Stephen Tableau Stephen Tableau - 26 days ago 15
SQL Question

How to write SQL query that selects distinct pair values for specific criteria?

I'm having trouble formulating a query for the following problem:

For pair values that have a certain score, how do you group them in way that will only return distinct pair values with the best respective scores?

For example, lets say I have a table with the following row values:

(t1,p1,65)
(t1,p2,60)
(t1,p3,20)
(t2,p1,60)
(t2,p2,59)
(t2,p3,15)


The first two columns indicate the pair values and the third column represents the pair score.The best score is
(t1,p1,65)
. Since t1 and p1 are now used, I want to exclude them from further analysis.

The next best score is
(t2,p2,59)
. Even though
(t1,p2)
has a score of 60, I want to exclude it because "t1" has already been used. (
t2,p1)
also has a score of 60, but since p1 is also already used, this pair is excluded.

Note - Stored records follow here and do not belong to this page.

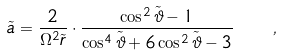<formula> <loc_0><loc_0><loc_500><loc_500>\tilde { a } = \frac { 2 } { \Omega ^ { 2 } \tilde { r } } \cdot \frac { \cos ^ { 2 } \tilde { \vartheta } - 1 } { \cos ^ { 4 } \tilde { \vartheta } + 6 \cos ^ { 2 } \tilde { \vartheta } - 3 } \quad ,</formula> 
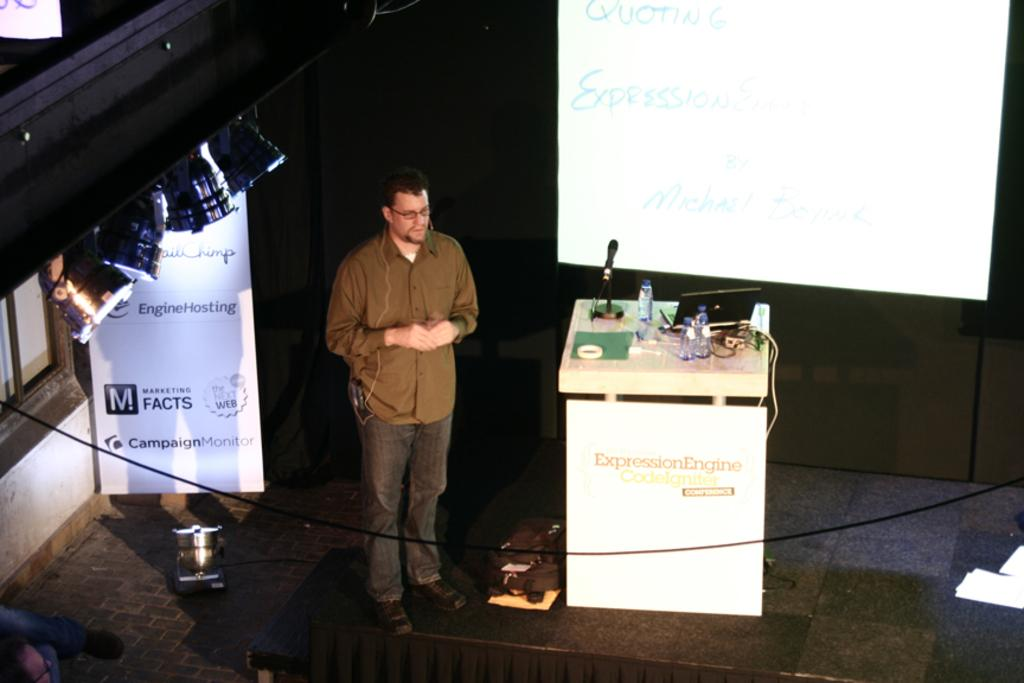What is the man in the image doing? The man is standing on a stage. What is located beside the man on the stage? There is a banner and a screen beside the man. What can be seen in the image that provides illumination? There are lights in the image. What is on the podium in the image? There are bottles, a microphone, and a laptop on the podium. What type of toys can be seen scattered around the stage in the image? There are no toys present in the image; it features a man standing on a stage with a banner, screen, lights, and a podium. 
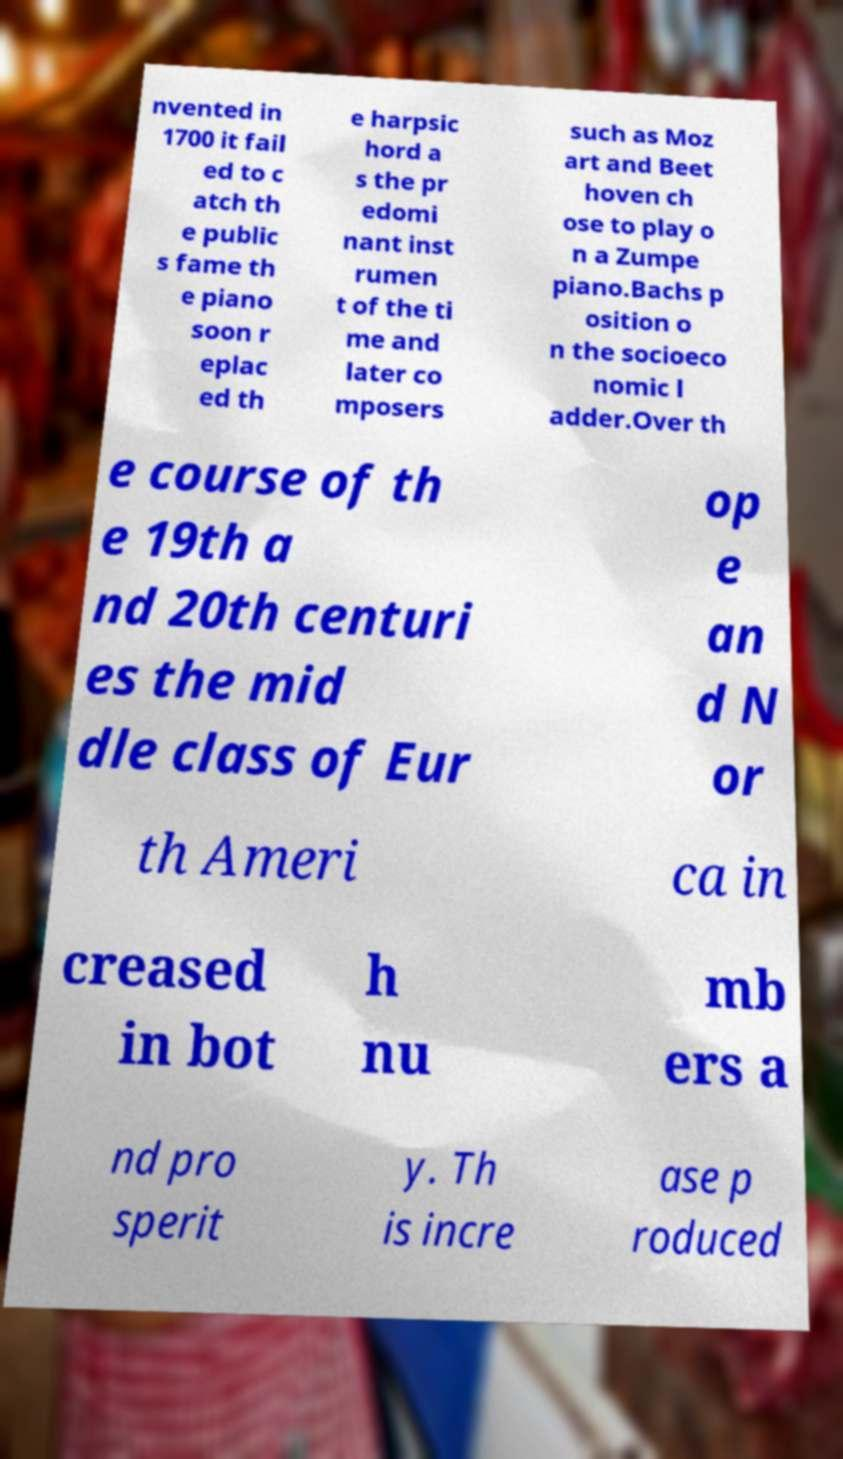Please identify and transcribe the text found in this image. nvented in 1700 it fail ed to c atch th e public s fame th e piano soon r eplac ed th e harpsic hord a s the pr edomi nant inst rumen t of the ti me and later co mposers such as Moz art and Beet hoven ch ose to play o n a Zumpe piano.Bachs p osition o n the socioeco nomic l adder.Over th e course of th e 19th a nd 20th centuri es the mid dle class of Eur op e an d N or th Ameri ca in creased in bot h nu mb ers a nd pro sperit y. Th is incre ase p roduced

This results in the distinct pair score values of:

(t1,p1,65)
(t2,p2,59)


Is there any way to generate this result with just a query? I've tried to think of ways of grouping and partitioning the results, but since there has to be some accounting of values already used according to score rank, I'm finding this very difficult to approach.

EDIT:

To generate the data:

with t(t, p, score) as (
(values ('t1','p1',65),
('t1','p2',60),
('t1','p3',20),
('t2','p1',60),
('t2','p2',59),
('t2','p3',15)
))
select t.* from t;

Answer

It is relatively simple using the stored function:

--drop function if exists f();
--drop table if exists t;
create table t(x text,y text, z int);
insert into t values
  ('t1','p1',65),
  ('t1','p2',60),
  ('t1','p3',20),
  ('t2','p1',60),
  ('t2','p2',59),
  ('t2','p3',15)/*,
  ('t3','p1',20),
  ('t3','p2',60),
  ('t3','p3',40)*/;

create function f() returns setof t immutable language plpgsql as $$
declare
  ax text[];
  ay text[];
  r t;
begin
  ax := '{}'; ay := '{}';
  loop
    select * into r
      from t
      where x <> all(ax) and y <> all(ay)
      order by z desc, x, y limit 1;
    exit when not found;
    ax := ax || r.x; ay := ay || r.y;
    return next r;
  end loop;
end $$;

select * from f();
╔════╤════╤════╗
║ x  │ y  │ z  ║
╠════╪════╪════╣
║ t1 │ p1 │ 65 ║
║ t2 │ p2 │ 59 ║
╚════╧════╧════╝

However if uncomment the third bunch of the values the result will be different:

╔════╤════╤════╗
║ x  │ y  │ z  ║
╠════╪════╪════╣
║ t1 │ p1 │ 65 ║
║ t3 │ p2 │ 60 ║
║ t2 │ p3 │ 15 ║
╚════╧════╧════╝

Upd: and the equivalent using recursive CTE on the same test data:

with recursive r as (
  (select x, y, z, array[x] as ax, array[y] as ay from t order by z desc, x, y limit 1)
  union all
  (select t.x, t.y, t.z, r.ax || t.x, r.ay || t.y from t, r 
  where not (t.x = any(r.ax) or t.y = any(r.ay)) 
  order by t.z desc, t.x, t.y limit 1))
select * from r;